Despite these, we still witness a situation where access to basic services is still skewed in racial, gender and geographic terms. Women still continue to be the face of poverty and HIV and Aids, especially black working class women. Socio-economic conditions and patriarchal attitudes that justify and perpetuate abuse of women are driving the staggeringly high rates of domestic violence and rape in South Africa. Women also remain responsible for the bulk of unpaid reproductive labour including all of the work that contributes to reproducing society, such as housework, child bearing and child rearing, which is invisible, not paid and not counted in national statistics.

A central aspect of the struggle for gender equality is that reproductive work should become a societal responsibility. Women’s experience of oppression is affected by their race, class, geographic location, age and other factors. For instance, women with disabilities, especially black working class women with disabilities, are marginalised and lack access to support.

The levels of unemployment and poverty experienced by young black women are extraordinarily high. Lesbians are discriminated against in the workplace and in society purely on the basis of their sexual orientation. Migrant women are vulnerable to exploitation, abuse and violence, and are generally not organised into local unions.

Remain outside

The unchanged apartheid structure of the South African economy means that the majority of black women, in particular young African women, remain outside the formal economy. Women still bear the brunt of poor infrastructure and services as they have to carry the responsibility of caring for the sick, elderly and children.

If we are to achieve gender parity, we need a huge cultural and mindset change to take place. The strategy to achieve women emancipation should simultaneously involve organising women to come together in solidarity and unite against their oppression, while also recognising the importance of male allies. This struggle though remains the task of women and they need to take leadership for their own liberation. Male allies in the gender struggle must guard against acting in ways that reinforce their power and privilege. We also need to acknowledge that not all of the nation and society’s problems will be solved immediately because laws have been enacted.
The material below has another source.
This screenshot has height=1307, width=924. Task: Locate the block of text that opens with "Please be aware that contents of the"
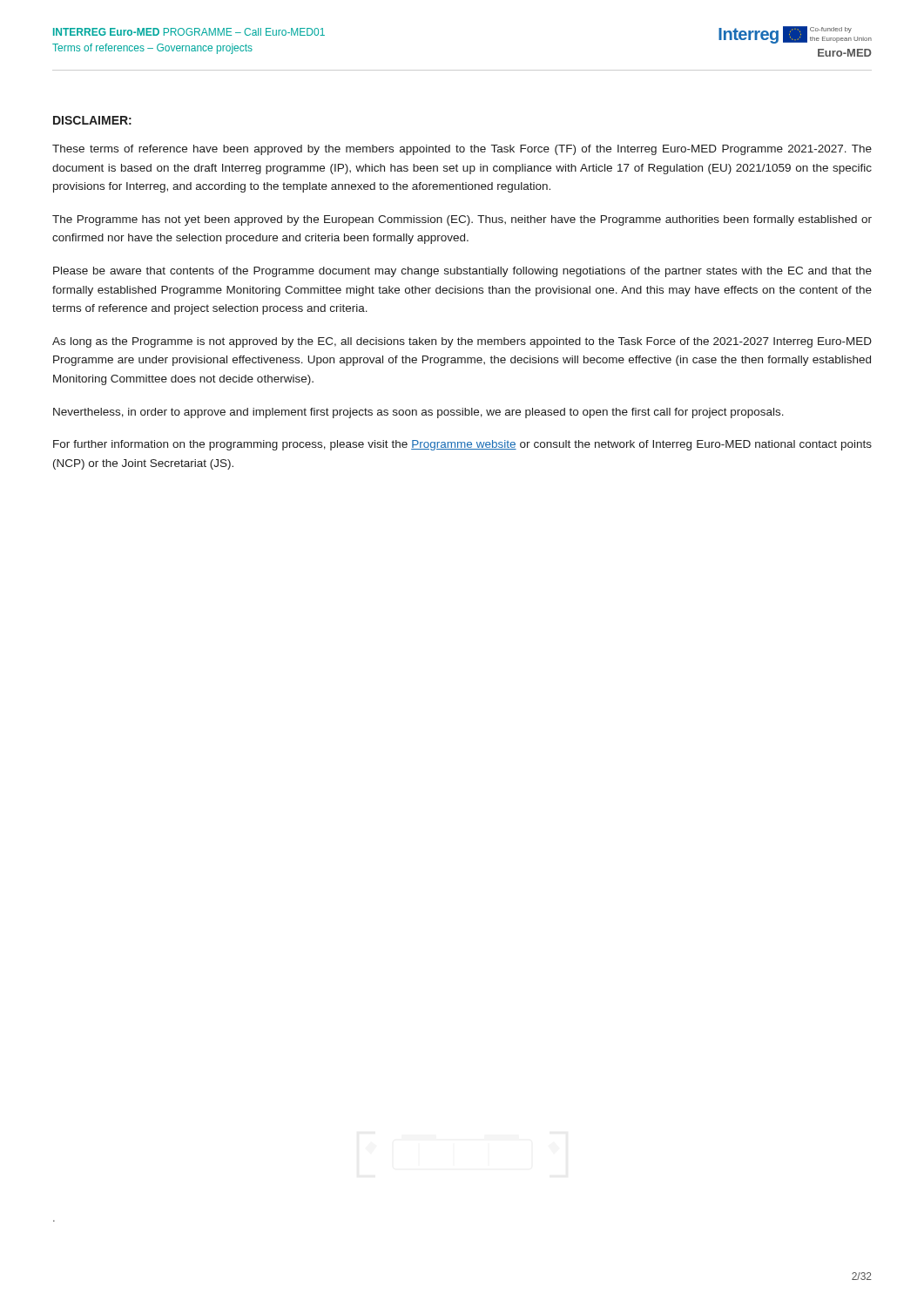coord(462,289)

Women’s participation in the economy remains key in fighting gender inequality. Fighting gender inequality within the workplace must be linked to fighting inequality in the broader society.

Gender inequalities in households and society reinforce gender inequality within the labour market. For instance, unequal access to education reinforces labour market inequality in terms of skill. Access to basic services, such as transport, health care, child care and water, are critical both for quality of life and the ability to participate in productive work.

It is therefore important to ensure that economic and social policies are gender sensitive and gender biased. Campaigns for a social wage and social security, including a basic income grant, free basic services, national health insurance and free education, among others, are important in this regard. The trade union movement needs to pay special attention to women workers that are in vulnerable sectors and are doing unsafe work, which is not always protected by law and where enforcement is weak. These include domestic workers, farm workers, informal sector workers, casual workers and migrant workers.

Workplace struggles should ensure that workers, including women, have the right to stable and secure employment opportunities. Women have a right to a living wage with comprehensive social security systems and access to basic services. They have a right of access to training, decent working hours and equal opportunities.

We all need to intensify our campaign to ensure that workplaces allow for a proper balance between work and family life. This will only be achieved if women take the lead in their own emancipation by joining and leading unions and other organisations that will allow them to participate in the process of reshaping the workplace to structure the economy for their own benefit.

Zingiswa Losi is Cosatu’s second deputy president.